Alderman of the Sydney City Council
- In office 1 December 1883 – 20 November 1898
- Succeeded by: William Dymock
- Constituency: Macquarie Ward

Personal details
- Born: 18 March 1839 Sydney, Colony of New South Wales
- Died: 17 December 1899 (aged 60) Rooty Hill, Colony of New South Wales
- Party: Free Trade Party
- Relatives: Marshall Burdekin (Brother) Alexander Hay (Son-in-law)

= Sydney Burdekin =

Australian politician (1839–1899)

Sydney Burdekin (18 February 1839 - 17 December 1899) was an Australian politician.

He was born in Sydney to merchant Thomas Burdekin and Mary Ann Bossley. He was educated at Darlinghurst and graduated from the University of Sydney in 1859 with a Bachelor of Arts. He became a solicitor's clerk, but apparently did not become a solicitor, instead becoming a pastoralist in northern New South Wales and Queensland. On 24 January 1872 he married Catherine Byrne, with whom he had eight children.

He was elected to the New South Wales Legislative Assembly as the member for Tamworth at the 1880 election, but he was defeated at the 1882 election contesting South Sydney. Having moved to Sydney, he was elected to Sydney City Council in 1883; he would serve on that council until 1898. In 1884 he was returned to the Assembly via the by-election for East Sydney.

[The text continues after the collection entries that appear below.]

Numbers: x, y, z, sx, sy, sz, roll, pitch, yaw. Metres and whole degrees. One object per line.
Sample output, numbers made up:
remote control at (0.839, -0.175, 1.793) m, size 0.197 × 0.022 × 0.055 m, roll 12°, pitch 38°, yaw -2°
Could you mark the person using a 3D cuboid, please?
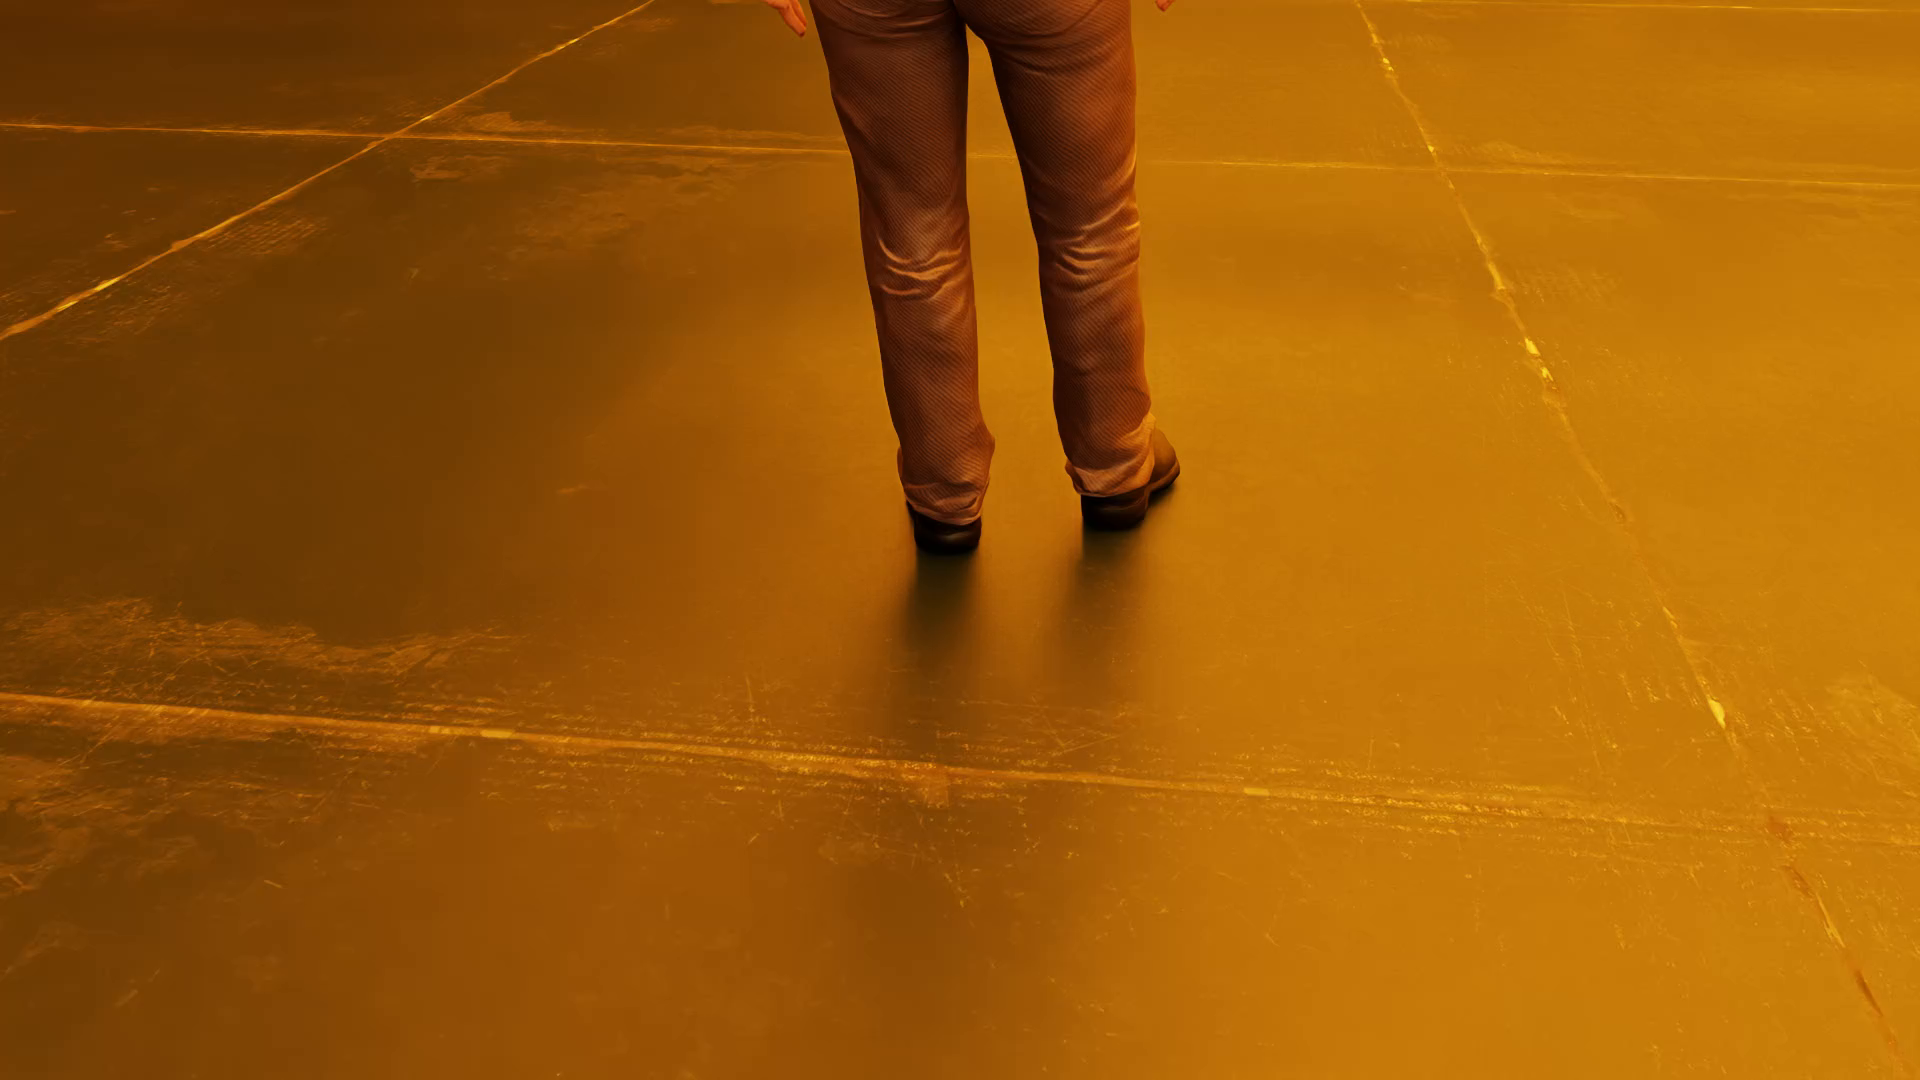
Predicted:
person at (0.015, -0.804, 2.167) m, size 0.634 × 1.722 × 0.566 m, roll 3°, pitch 27°, yaw 7°

He was Mayor of Sydney from 1890 to 1891, when he retired from the Assembly; however, he won the 1892 by-election for Hawkesbury, but was defeated again in 1894. A Free Trader, he also served as director of Sydney Hospital from 1878 to 1899.

Burdekin died at Rooty Hill in 1899. His brother, Marshall Burdekin, was also a member of the Legislative Assembly.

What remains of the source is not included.